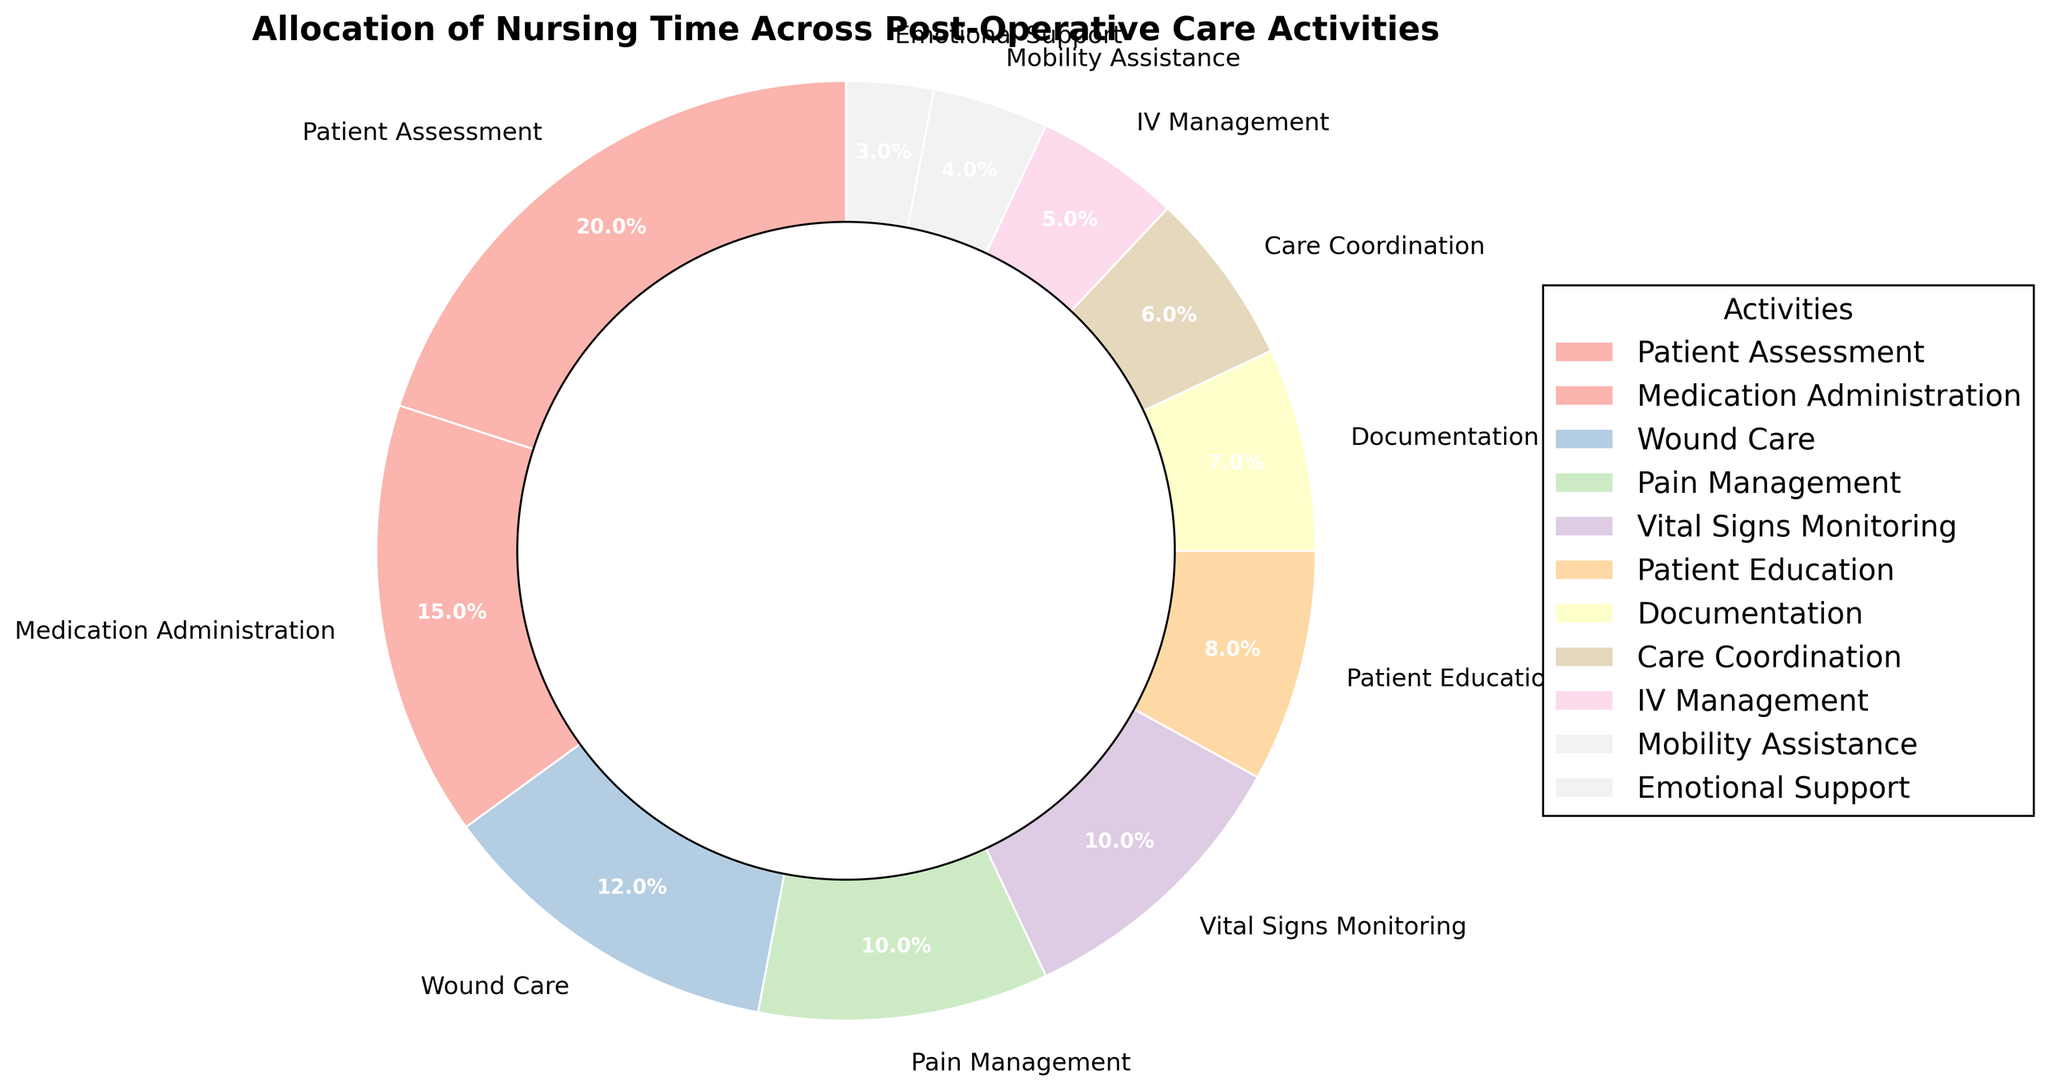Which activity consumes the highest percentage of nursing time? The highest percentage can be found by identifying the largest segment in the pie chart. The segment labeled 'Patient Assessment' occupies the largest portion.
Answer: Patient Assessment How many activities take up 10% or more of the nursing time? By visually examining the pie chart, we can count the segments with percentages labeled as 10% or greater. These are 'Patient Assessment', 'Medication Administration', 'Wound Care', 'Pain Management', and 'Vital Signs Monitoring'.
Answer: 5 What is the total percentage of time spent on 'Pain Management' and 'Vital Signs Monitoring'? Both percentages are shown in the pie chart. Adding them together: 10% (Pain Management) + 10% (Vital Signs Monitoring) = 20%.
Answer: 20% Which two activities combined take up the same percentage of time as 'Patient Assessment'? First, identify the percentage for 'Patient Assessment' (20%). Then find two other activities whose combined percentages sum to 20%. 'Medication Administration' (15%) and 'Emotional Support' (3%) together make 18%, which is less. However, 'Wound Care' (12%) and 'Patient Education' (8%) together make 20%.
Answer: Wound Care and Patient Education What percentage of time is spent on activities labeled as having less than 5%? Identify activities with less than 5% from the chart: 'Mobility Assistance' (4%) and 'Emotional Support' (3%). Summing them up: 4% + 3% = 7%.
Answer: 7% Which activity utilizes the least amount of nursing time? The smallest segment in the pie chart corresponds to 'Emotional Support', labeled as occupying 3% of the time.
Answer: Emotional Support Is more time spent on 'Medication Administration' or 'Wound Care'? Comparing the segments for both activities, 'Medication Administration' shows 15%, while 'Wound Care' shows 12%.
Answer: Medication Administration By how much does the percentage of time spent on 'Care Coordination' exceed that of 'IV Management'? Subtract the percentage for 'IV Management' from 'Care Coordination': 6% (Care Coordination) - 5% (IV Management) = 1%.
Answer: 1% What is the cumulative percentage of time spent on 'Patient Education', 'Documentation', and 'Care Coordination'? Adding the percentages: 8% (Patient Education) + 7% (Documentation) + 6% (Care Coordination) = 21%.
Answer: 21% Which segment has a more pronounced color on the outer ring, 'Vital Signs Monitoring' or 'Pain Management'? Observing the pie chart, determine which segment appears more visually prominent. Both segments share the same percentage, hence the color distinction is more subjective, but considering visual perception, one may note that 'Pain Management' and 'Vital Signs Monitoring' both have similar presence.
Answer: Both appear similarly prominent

- - - - - - -

:: Instructions for the task ::
The data above must be written out again word for word, without its pictures.

:: Solution to the problem ::
Which activity consumes the highest percentage of nursing time? The highest percentage can be found by identifying the largest segment in the pie chart. The segment labeled 'Patient Assessment' occupies the largest portion.
Answer: Patient Assessment How many activities take up 10% or more of the nursing time? By visually examining the pie chart, we can count the segments with percentages labeled as 10% or greater. These are 'Patient Assessment', 'Medication Administration', 'Wound Care', 'Pain Management', and 'Vital Signs Monitoring'.
Answer: 5 What is the total percentage of time spent on 'Pain Management' and 'Vital Signs Monitoring'? Both percentages are shown in the pie chart. Adding them together: 10% (Pain Management) + 10% (Vital Signs Monitoring) = 20%.
Answer: 20% Which two activities combined take up the same percentage of time as 'Patient Assessment'? First, identify the percentage for 'Patient Assessment' (20%). Then find two other activities whose combined percentages sum to 20%. 'Medication Administration' (15%) and 'Emotional Support' (3%) together make 18%, which is less. However, 'Wound Care' (12%) and 'Patient Education' (8%) together make 20%.
Answer: Wound Care and Patient Education What percentage of time is spent on activities labeled as having less than 5%? Identify activities with less than 5% from the chart: 'Mobility Assistance' (4%) and 'Emotional Support' (3%). Summing them up: 4% + 3% = 7%.
Answer: 7% Which activity utilizes the least amount of nursing time? The smallest segment in the pie chart corresponds to 'Emotional Support', labeled as occupying 3% of the time.
Answer: Emotional Support Is more time spent on 'Medication Administration' or 'Wound Care'? Comparing the segments for both activities, 'Medication Administration' shows 15%, while 'Wound Care' shows 12%.
Answer: Medication Administration By how much does the percentage of time spent on 'Care Coordination' exceed that of 'IV Management'? Subtract the percentage for 'IV Management' from 'Care Coordination': 6% (Care Coordination) - 5% (IV Management) = 1%.
Answer: 1% What is the cumulative percentage of time spent on 'Patient Education', 'Documentation', and 'Care Coordination'? Adding the percentages: 8% (Patient Education) + 7% (Documentation) + 6% (Care Coordination) = 21%.
Answer: 21% Which segment has a more pronounced color on the outer ring, 'Vital Signs Monitoring' or 'Pain Management'? Observing the pie chart, determine which segment appears more visually prominent. Both segments share the same percentage, hence the color distinction is more subjective, but considering visual perception, one may note that 'Pain Management' and 'Vital Signs Monitoring' both have similar presence.
Answer: Both appear similarly prominent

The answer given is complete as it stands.